The Treasury is to come under pressure to introduce VAT on postage stamps in the run-up to the next general election.

Postcomm, the postal regulator, is preparing to recommend that a special 5 per cent rate should be introduced, but this will go against the wishes of Government ministers, who are opposed to any increase in the price of stamps.

Royal Mail is VAT exempt. However, The private companies entering the postal market have to charge the tax at the full 17.5 per cent rate.

Postcomm is worried that this gives Royal Mail a competitive advantage when bidding to handle mail for companies which are themselves exempt from VAT. Because they are unable to claim back the tax, charities, banks, building societies and the Government tend to use Royal Mail for their deliveries.

Postcomm has asked Royal Mail and the private companies for their views, but the regulator has made it clear to the industry that introducing a 5 per cent tax is one of its favoured options.
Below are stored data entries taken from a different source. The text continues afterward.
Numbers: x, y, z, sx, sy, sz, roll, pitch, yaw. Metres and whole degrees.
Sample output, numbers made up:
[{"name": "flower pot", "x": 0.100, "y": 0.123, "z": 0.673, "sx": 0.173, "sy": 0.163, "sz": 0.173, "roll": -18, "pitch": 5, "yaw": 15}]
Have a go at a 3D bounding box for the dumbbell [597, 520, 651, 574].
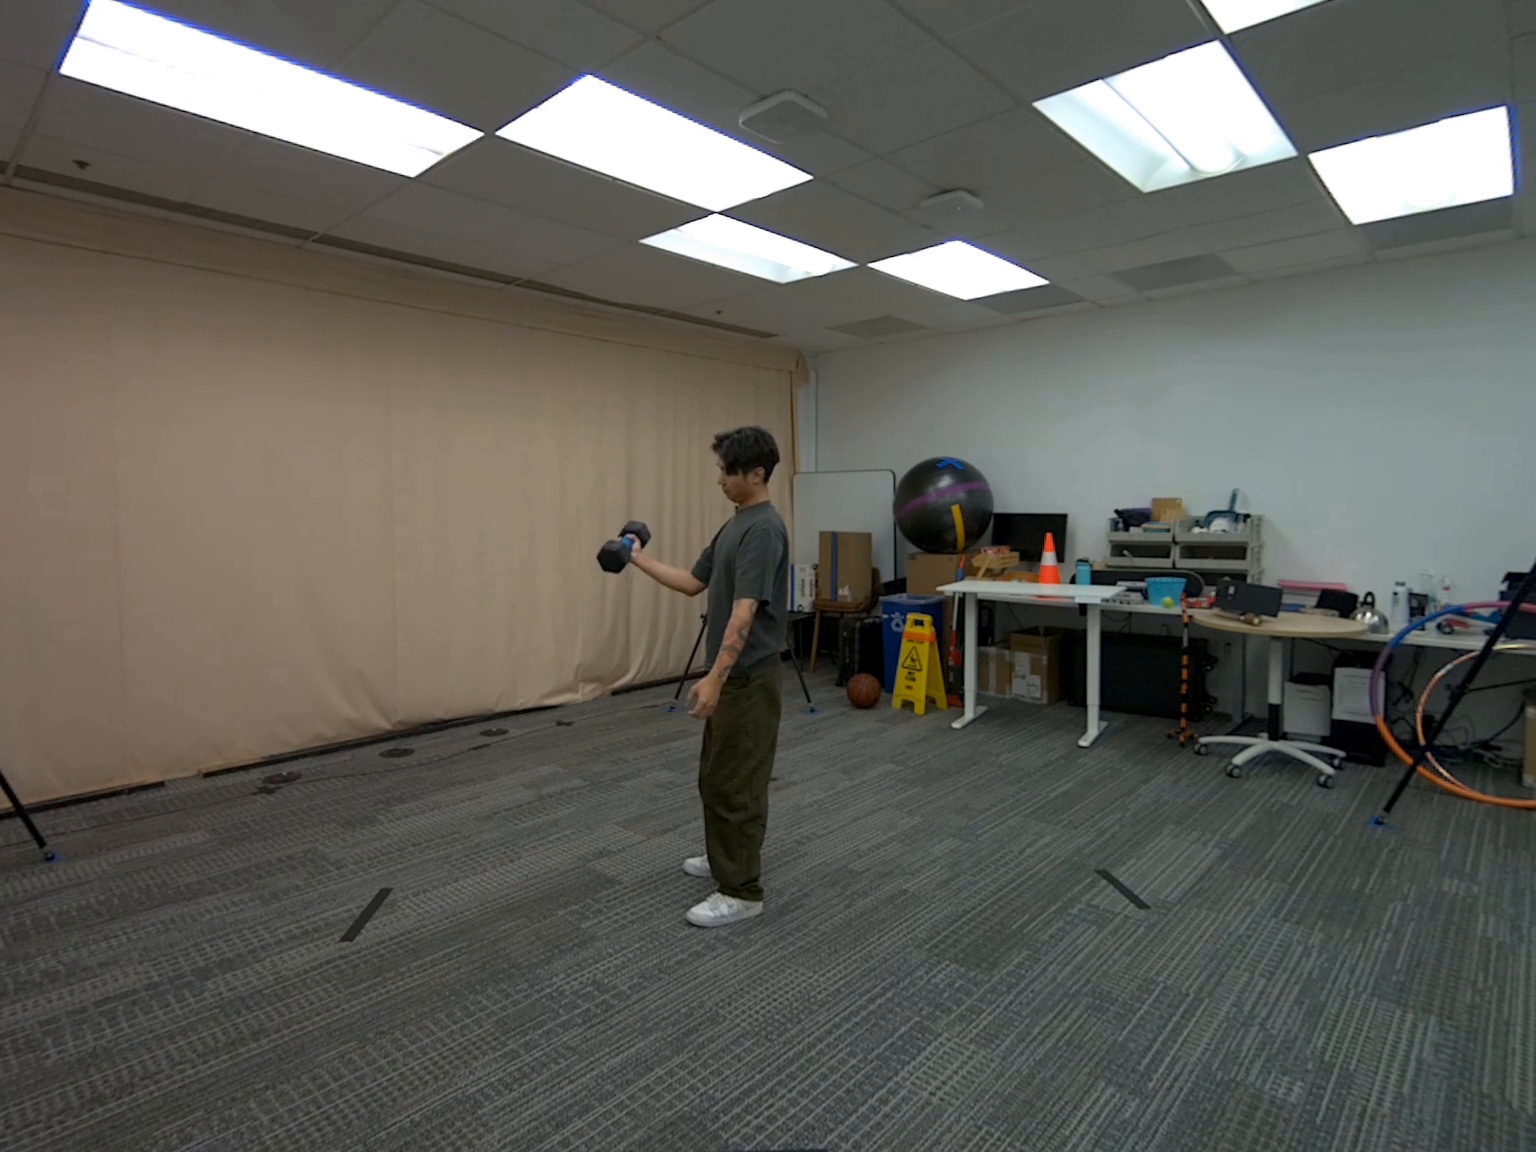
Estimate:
[{"name": "dumbbell", "x": -0.544, "y": -0.107, "z": 3.233, "sx": 0.110, "sy": 0.121, "sz": 0.293, "roll": -19, "pitch": 17, "yaw": 20}]
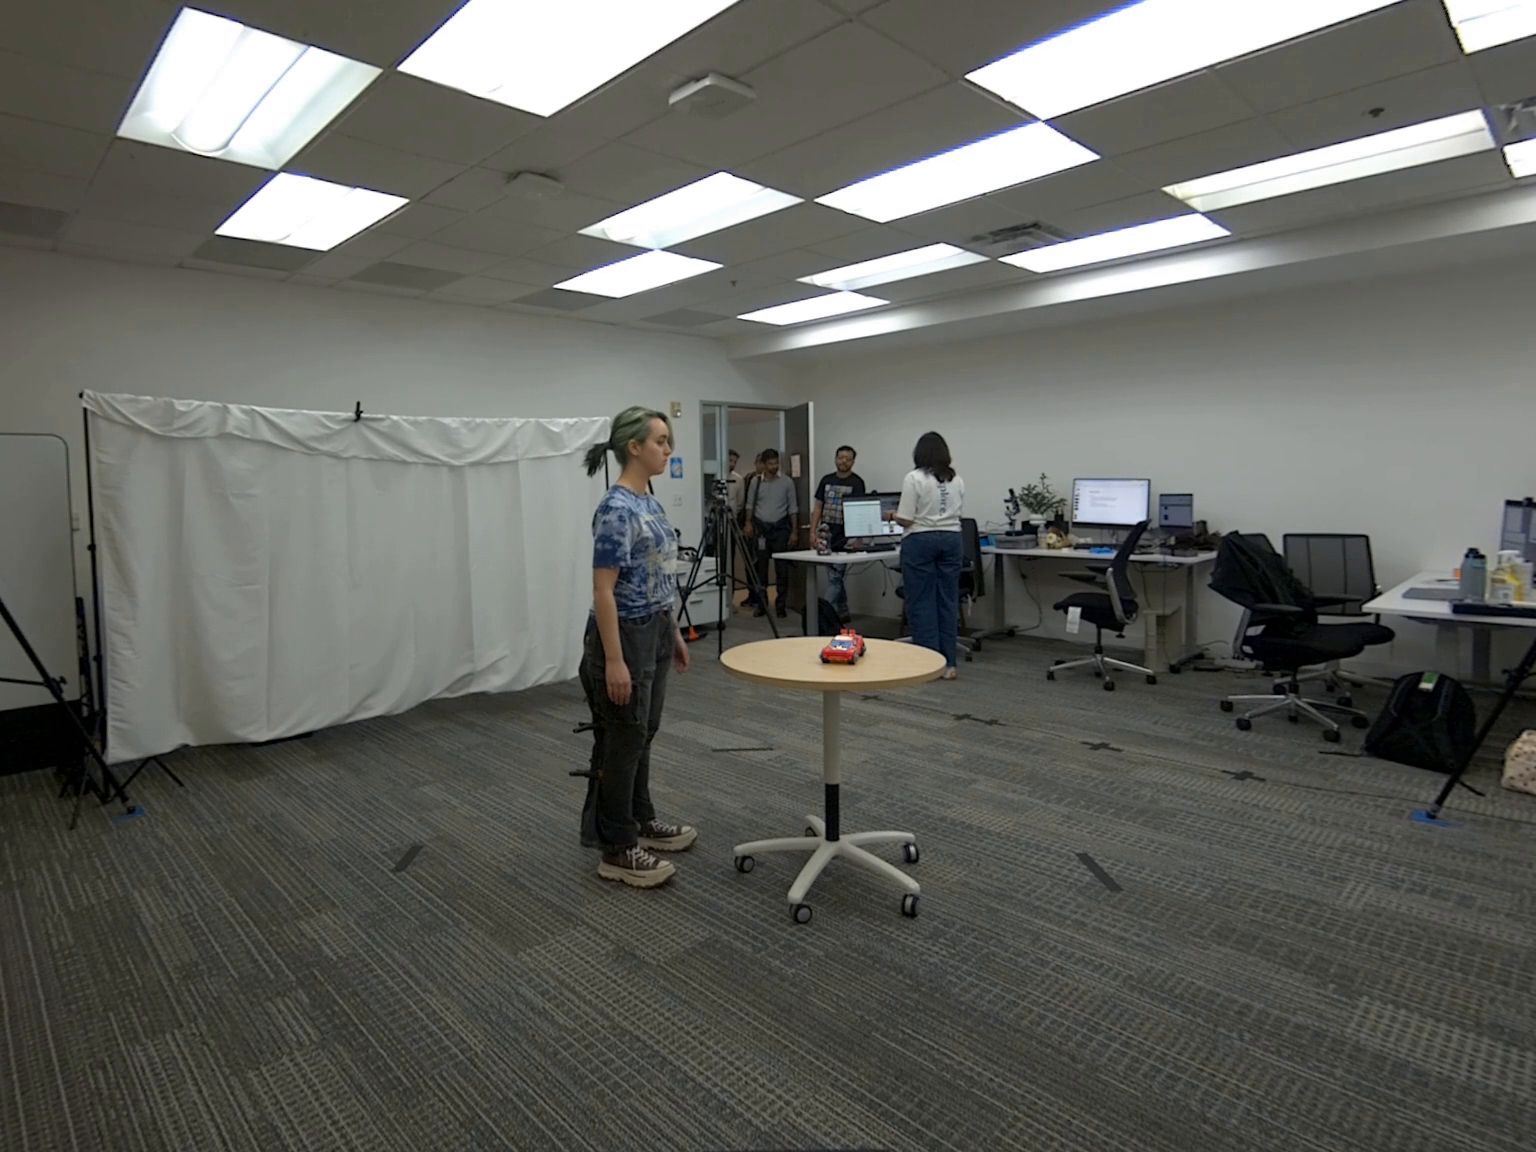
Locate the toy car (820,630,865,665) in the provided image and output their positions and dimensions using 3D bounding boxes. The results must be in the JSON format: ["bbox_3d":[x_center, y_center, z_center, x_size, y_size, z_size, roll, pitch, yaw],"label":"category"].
[{"bbox_3d":[0.259,0.247,2.917,0.132,0.082,0.254,1,17,18],"label":"toy car"}]

If the Government accepts the proposals then it is likely to lead to a penny increase on the price of a stamp.

Only the Chancellor, Gordon Brown, has the power to introduce the tax. A Treasury spokesman said: "We are opposed to VAT on stamps. But we are also supportive of the moves to open up the post market on a level playing field. So we will continue to monitor the VAT position as competition emerges."

Royal Mail is against the tax. It is expected to tell Postcomm that it should retain its special VAT status because of its obligation to deliver post to unprofitable parts of the country.

Alan Goddard, the UK managing director of Deutsche Post, said: "Royal Mail's VAT-free status is a barrier to business as it creates an un-level playing field. It is a major problem for us when competing for business."

The European Commission is also pressing countries to harmonise VAT on post. But it is yet to publish a formal directive.